The e-book reader market is a young market experiencing tremendous growth. It is a direct compliment to the fastest growing segment of the published book market, the e-book segment. Major technology companies like Sony are trying to become dominant players in this industry. Sony launched the first e-book reader in the US in 2005, and several other companies followed suit in the two years that followed prior to the Kindle launch. The promise of an e-book reader is to allow users to read books via a hand held device that has font as clear as a book, and is the same weight as a book, yet, unlike a book, and e-book reader is able to contain a ton (literally 1000 pounds worth) of literature, all available at the touch of a button).

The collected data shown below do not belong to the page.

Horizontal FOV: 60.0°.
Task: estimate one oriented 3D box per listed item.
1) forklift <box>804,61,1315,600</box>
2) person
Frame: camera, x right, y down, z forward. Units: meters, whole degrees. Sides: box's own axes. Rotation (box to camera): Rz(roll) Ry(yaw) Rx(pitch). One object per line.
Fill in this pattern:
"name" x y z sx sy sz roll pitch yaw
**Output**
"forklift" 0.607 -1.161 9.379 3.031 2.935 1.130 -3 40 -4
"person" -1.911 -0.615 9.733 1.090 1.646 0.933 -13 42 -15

The Amazon Kindle is designed to be a premium e-book reader on the market, superior to Sony's reader in technical specifications and the availability of downloadable content. Given the current lack of fierce competition, Amazon believes that the sooner it gets to market with a quality product, the better the chances the Kindle has as becoming the established standard e-book reader. Even thought Amazon was not a first mover to this market, its business model (sale of e-books online) compliments Kindle and adds a great value by making it a one stop shop for both the e-book reader (Kindle) and all of its compliments (e-books and periodicals)

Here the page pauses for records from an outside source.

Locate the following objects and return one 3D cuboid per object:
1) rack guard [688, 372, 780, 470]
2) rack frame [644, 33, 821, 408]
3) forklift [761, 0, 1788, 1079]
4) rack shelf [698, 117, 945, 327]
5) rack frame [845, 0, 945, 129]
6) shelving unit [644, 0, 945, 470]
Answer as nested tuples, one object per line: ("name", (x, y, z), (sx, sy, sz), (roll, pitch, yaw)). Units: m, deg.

Even thought paper based books are still the primary source of literature based revenue for Amazon, Amazon is certain that the Kindle as a differentiated product can open up new markets. Amazon is counting on delivering on a different level of satisfaction, and the benefits it provides are functionality and its ability to make reading more convenient than ever. Within a few minutes, entire books can be downloaded from the comfort of your home, or the local bus stop, allowing Amazon to directly service their customers regardless of location on a new device (and therefore revenue stream). The promise holds that anywhere there is a cell phone coverage, your personal library (and a sale for Amazon) is waiting for you; at the touch of a button.
2. Barriers to Entry
Amazon is one of the largest online distributors of books and e-books in the world. With over 90,000 titles it holds a premier position in the number of titles available for download. Kindle must be looked as a compliment to the Amazon's core competency, selling retail items online, initially books and now, in addition to other retail items, e-book and audio content online.

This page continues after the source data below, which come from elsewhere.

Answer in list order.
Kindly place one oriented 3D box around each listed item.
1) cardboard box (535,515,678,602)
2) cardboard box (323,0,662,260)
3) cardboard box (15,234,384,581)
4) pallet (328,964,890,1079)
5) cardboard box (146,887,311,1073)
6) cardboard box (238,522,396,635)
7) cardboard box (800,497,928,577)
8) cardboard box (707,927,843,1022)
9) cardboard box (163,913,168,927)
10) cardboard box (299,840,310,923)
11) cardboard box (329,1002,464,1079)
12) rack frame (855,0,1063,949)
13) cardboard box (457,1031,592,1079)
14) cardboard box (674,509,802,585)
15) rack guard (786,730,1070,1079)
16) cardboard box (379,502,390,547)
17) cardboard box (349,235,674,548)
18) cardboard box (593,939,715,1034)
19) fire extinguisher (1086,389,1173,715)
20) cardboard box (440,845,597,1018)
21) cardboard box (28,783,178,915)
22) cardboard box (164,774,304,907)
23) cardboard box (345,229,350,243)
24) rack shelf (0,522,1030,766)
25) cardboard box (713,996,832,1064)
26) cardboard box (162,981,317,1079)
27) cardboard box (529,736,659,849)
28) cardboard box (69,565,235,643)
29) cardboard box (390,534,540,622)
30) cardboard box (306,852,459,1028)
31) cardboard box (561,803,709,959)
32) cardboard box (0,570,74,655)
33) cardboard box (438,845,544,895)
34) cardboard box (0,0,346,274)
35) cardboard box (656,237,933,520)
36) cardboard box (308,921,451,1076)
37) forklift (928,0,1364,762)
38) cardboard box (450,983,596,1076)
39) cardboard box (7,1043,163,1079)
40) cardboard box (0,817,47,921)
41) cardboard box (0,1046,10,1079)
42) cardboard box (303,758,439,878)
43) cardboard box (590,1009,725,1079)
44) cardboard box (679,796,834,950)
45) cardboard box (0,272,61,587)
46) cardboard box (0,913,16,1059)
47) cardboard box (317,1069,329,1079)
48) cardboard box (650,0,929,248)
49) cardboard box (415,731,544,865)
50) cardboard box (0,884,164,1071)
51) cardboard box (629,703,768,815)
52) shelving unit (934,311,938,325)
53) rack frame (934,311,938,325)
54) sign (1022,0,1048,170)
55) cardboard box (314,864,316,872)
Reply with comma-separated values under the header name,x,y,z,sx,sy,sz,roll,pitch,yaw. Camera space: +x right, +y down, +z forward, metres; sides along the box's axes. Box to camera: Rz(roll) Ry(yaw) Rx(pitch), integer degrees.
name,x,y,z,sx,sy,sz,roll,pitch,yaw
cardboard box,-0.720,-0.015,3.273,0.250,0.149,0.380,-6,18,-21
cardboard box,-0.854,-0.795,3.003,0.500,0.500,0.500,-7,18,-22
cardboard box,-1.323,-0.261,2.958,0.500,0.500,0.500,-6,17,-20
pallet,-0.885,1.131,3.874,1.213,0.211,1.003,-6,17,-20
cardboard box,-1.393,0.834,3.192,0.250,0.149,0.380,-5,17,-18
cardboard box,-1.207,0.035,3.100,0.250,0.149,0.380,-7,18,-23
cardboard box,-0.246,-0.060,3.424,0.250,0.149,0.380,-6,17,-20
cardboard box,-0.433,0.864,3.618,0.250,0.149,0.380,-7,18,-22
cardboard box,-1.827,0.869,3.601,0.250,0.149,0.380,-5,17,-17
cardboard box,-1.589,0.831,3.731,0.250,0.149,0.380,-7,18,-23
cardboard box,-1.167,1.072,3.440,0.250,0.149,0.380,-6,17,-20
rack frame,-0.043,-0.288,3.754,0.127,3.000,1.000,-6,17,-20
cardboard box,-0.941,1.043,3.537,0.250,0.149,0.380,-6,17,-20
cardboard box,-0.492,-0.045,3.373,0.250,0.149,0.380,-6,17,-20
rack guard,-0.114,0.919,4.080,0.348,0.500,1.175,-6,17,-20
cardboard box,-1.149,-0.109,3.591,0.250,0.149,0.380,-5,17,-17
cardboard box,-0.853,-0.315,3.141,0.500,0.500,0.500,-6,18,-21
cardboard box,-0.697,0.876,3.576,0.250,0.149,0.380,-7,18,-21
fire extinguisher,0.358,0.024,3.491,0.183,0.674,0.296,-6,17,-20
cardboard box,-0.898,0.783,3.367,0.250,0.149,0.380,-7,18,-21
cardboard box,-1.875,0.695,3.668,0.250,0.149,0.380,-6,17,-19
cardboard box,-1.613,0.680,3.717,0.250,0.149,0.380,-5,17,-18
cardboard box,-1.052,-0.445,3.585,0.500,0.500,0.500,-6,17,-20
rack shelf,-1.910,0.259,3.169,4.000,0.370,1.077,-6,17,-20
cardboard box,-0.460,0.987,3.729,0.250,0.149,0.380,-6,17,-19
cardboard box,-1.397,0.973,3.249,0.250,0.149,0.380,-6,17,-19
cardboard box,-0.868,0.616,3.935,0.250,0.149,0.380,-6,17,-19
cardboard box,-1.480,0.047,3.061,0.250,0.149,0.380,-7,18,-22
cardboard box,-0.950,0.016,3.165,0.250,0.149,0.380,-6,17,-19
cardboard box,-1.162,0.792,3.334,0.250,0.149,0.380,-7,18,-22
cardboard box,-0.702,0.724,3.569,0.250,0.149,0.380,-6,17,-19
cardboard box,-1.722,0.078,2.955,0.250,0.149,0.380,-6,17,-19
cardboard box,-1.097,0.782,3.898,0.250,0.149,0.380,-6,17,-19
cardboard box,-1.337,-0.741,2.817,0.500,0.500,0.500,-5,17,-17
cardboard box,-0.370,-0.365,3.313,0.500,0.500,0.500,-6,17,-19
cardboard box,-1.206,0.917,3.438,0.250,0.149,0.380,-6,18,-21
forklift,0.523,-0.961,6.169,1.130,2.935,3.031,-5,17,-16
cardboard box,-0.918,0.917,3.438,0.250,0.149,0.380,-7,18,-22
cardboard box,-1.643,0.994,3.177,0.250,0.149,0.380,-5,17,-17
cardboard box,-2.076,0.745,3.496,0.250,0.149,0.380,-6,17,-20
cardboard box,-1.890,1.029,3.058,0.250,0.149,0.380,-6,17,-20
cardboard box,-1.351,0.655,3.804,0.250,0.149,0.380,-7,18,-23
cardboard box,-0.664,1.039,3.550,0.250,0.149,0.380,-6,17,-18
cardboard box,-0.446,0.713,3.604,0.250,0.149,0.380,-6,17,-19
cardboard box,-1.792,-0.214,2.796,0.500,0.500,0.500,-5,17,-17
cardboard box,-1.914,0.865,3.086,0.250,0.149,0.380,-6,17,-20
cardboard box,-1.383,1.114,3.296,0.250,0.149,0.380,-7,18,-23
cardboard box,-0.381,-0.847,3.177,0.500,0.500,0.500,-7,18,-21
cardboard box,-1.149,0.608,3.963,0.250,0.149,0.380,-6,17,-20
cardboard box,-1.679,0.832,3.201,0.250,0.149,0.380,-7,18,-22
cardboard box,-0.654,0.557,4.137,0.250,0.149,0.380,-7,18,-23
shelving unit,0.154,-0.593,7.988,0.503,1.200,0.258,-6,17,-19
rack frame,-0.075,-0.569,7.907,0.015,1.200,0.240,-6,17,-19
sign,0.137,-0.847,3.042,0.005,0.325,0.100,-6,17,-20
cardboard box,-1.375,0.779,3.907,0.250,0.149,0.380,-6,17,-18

There are many barriers to entry in this market. Amazon’s strength is not in manufacturing of electronic devices. This is why they are planning to outsource the manufacturing process.1 This takes care of the economies of scale barrier, since their supplier from Asia is a prominent OEM manufacturer of various electronic devices. They are able to use their existing technological knowhow to deliver the product Amazon wants at a low cost (economies of scope). There are considerable investments (financial capital) needed in fixed assets and human capital (technical knowledge) to manufacture an e-book reader. Without the economies of scale, it is hard to reduce cost and be competitive in today's electronics market. Margins are usually low in this market (competitive market), and without some technological breakthrough that would allow for reduction in costs, firms are mostly price takers. This is one of the reasons Amazon chose not to manufacture Kindle themselves, margins would be much larger if they choose to outsource it.
Another barrier to entry is brand loyalty. This is possibly one of Amazon’s biggest strengths as a company. With revenues rising from year to year, our customer base is constantly expanding. Of the three above mentioned barriers to entry, financial capital is the weakest one, because it can almost always be attained in capital markets.
One of the biggest barriers to...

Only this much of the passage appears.